The API is built with aiohttp. The idea is to listen to the webhook sent by BrightData, retrieve the corresponding future by his id, and resolve this future with the scraped data.

from aiohttp import web

async def bright_data_webhooks_handler(request):
    data = await request.json()

    # retrieve the future by his id
    future = webhook_futures.get(data[0]['input']['id'])

    if future is not None:
        # Resolve the future with the webhook data
        future.set_result(data[0]['content'])

    return web.Response(status=200)

app = web.Application()
app.router.add_post('/webhooks/bright-data',
                    bright_data_webhooks_handler)

if __name__ == "__main__":
    # run server port 8080
    web.run_app(app)

The agent

openai_api_key = "<YOUR OPEN AI API KEY>"

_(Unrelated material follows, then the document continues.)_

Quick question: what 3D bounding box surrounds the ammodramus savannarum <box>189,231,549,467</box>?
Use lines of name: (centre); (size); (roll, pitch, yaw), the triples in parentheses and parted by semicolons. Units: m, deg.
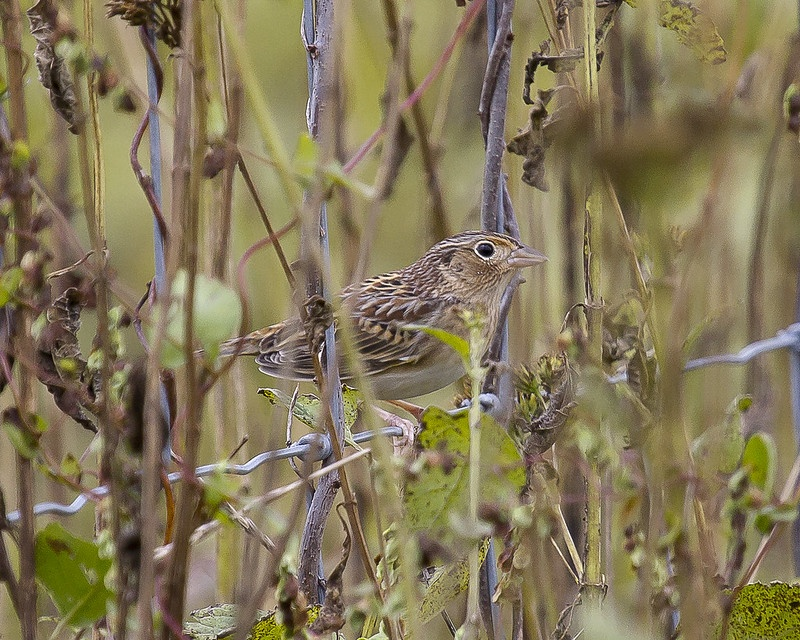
ammodramus savannarum: (-0.146, 0.038, 3.187); (1.031, 0.794, 0.395); (0, 5, 9)

llm = ChatOpenAI(temperature=0, openai_api_key=openai_api_key, model="gpt-3.5-turbo")
tools = [Tool.from_function(
    func=scrap_linkedin,
    coroutine=scrap_linkedin,
    name="linkedin",
    description="Useful to get infos about a linkedin url."
)]
agent = initialize_agent(tools, llm, agent=AgentType.OPENAI_MULTI_FUNCTIONS, verbose=True)

Use the agent

Simply call arun (for asynchronous run, as the scraper is an async function).

prompt = "Tell me the current job of this person https://www.linkedin.com/in/antoine-prudhomme"
anwser = await agent.arun(prompt)

And there is the response from the agent

The current job of Antoine Prudhomme is a Software Engineer at Cargo.
He has been working at Cargo since January 2023. At Cargo, Antoine
works on top of AWS Redshift and Google BigQuery, implements
integrations with Salesforces, Pipedrive, and Outreach, and improves
his AWS skills and knowledge. He also works on infrastructure (AWS VPC
+ EKS), Qovery, Kubernetes, and security topics. You can find more
information about Antoine on his LinkedIn profile: [Antoine Prudhomme
LinkedIn](https://www.linkedin.com/in/antoine-prudhomme)

Much better than the ChatGPT screenshot of the introduction right ? And yet, it’s the same LLM behind 🙂.

Of course, it’s possible to create custom tools for everything you can imagine.